- Sal Kalan Location in Punjab, India Sal Kalan Sal Kalan (India)
- Coordinates: 31°13′29″N 75°58′20″E﻿ / ﻿31.2247064°N 75.9722776°E
- Country: India
- State: Punjab
- District: Shaheed Bhagat Singh Nagar

Government
- • Type: Panchayat raj
- • Body: Gram panchayat
- Elevation: 251 m (823 ft)

Population (2011)
- • Total: 458
- Sex ratio 241/217 ♂/♀

Languages
- • Official: Punjabi
- Time zone: UTC+5:30 (IST)
- PIN: 144505
- Telephone code: 01884
- ISO 3166 code: IN-PB
- Post office: Banga (S.O)
- Website: nawanshahr.nic.in

= Sal Kalan =

Sal Kalan is a village in Shaheed Bhagat Singh Nagar district of Punjab State, India. It is located 6 km away from sub post office Banga, 20 km from Nawanshahr, 17.7 km from district headquarter Shaheed Bhagat Singh Nagar and 110 km from state capital Chandigarh. The village is administrated by Sarpanch an elected representative of the village.

== Demography ==
As of 2011, Sal Kalan has a total number of 100 houses and population of 458 of which 241 include are males while 217 are females according to the report published by Census India in 2011. The literacy rate of Sal Kalan is 81.44% higher than the state average of 75.84%. The population of children under the age of 6 years is 54 which is 11.79% of total population of Sal Kalan, and child sex ratio is approximately 1250 as compared to Punjab state average of 846.

Most of the people are from Schedule Caste which constitutes 58.08% of total population in Sal Kalan.

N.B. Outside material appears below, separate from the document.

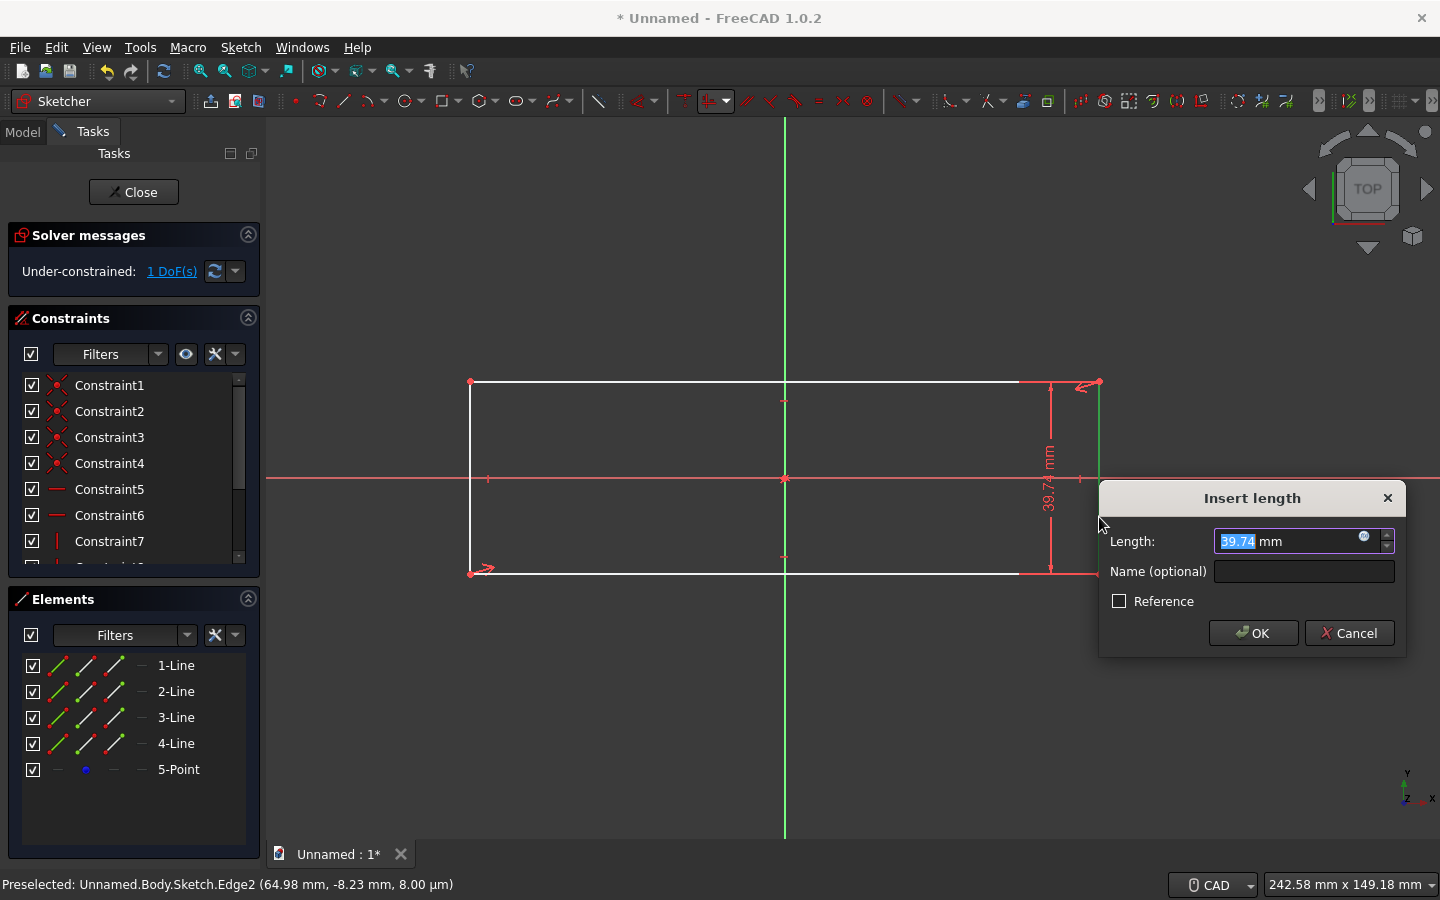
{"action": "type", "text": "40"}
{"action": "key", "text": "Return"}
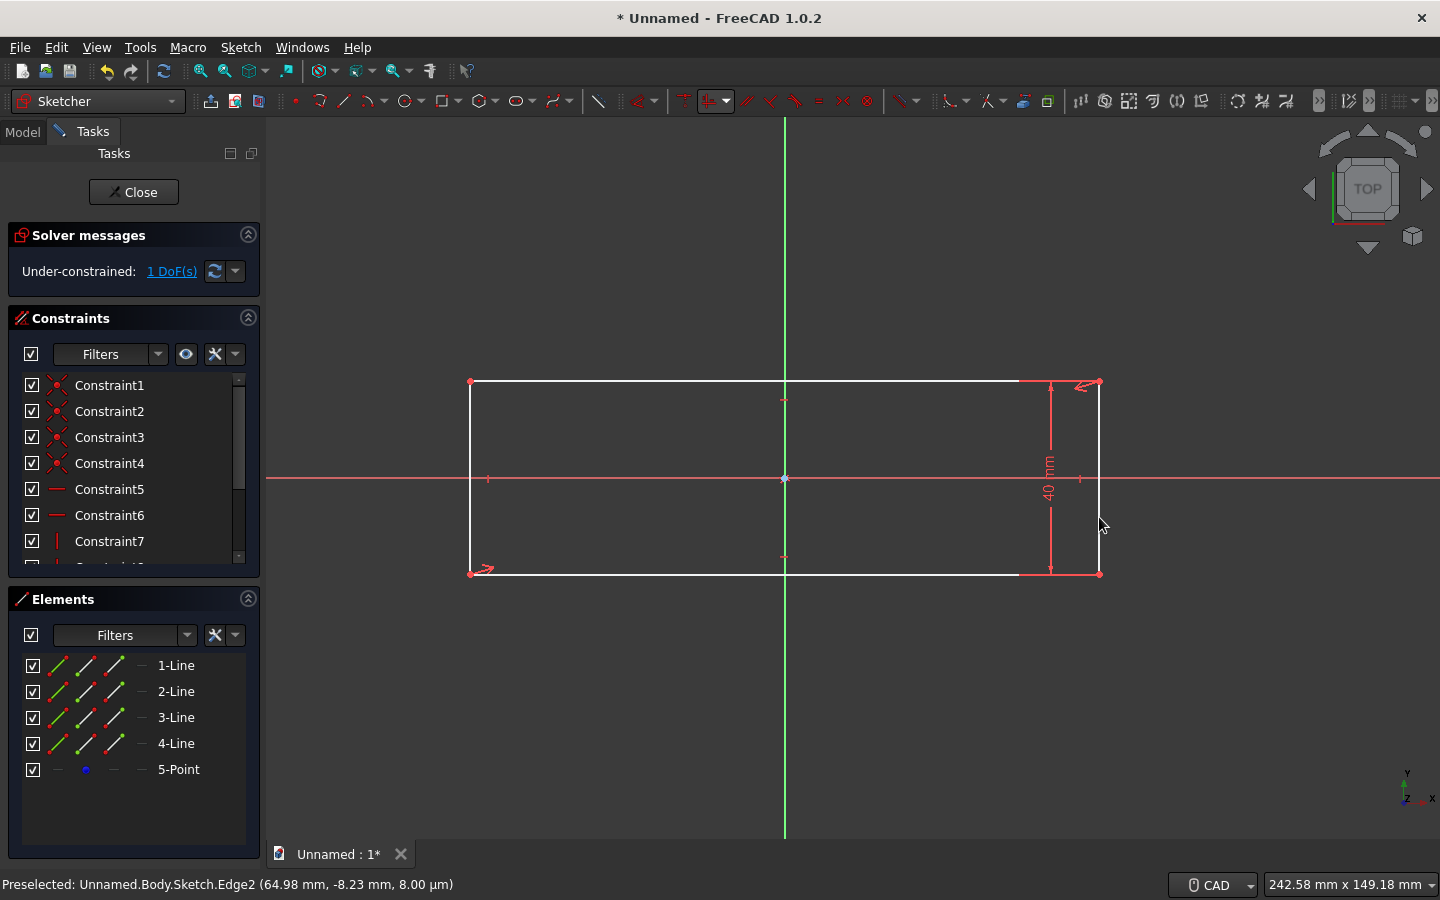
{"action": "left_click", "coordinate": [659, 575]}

The town does not have any Schedule Tribe population so far.

As per the report published by Census India in 2011, 154 people were engaged in work activities out of the total population of Sal Kalan which includes 132 males and 22 females. According to census survey report 2011, 81.17% workers describe their work as main work and 18.83% workers are involved in Marginal activity providing livelihood for less than 6 months.

== Education ==
The village has a Punjabi medium, co-ed primary school established in 1961. The school provide mid-day meal per Indian Midday Meal Scheme. As per Right of Children to Free and Compulsory Education Act the school provide free education to children between the ages of 6 and 14.

Amardeep Singh Shergill Memorial college Mukandpur, KC Engineering College and Doaba Khalsa Trust Group Of Institutions are the nearest colleges. Industrial Training Institute for women (ITI Nawanshahr) is 21 km. The village is 91 km away from Chandigarh University, 67 km from Indian Institute of Technology and 32 km away from Lovely Professional University.

== Transport ==
Nawanshahr train station is the nearest train station however, Garhshankar Junction railway station is 22 km away from the village. Sahnewal Airport is the nearest domestic airport which located 64 km away in Ludhiana and the nearest international airport is located in Chandigarh also Sri Guru Ram Dass Jee International Airport is the second nearest airport which is 141 km away in Amritsar.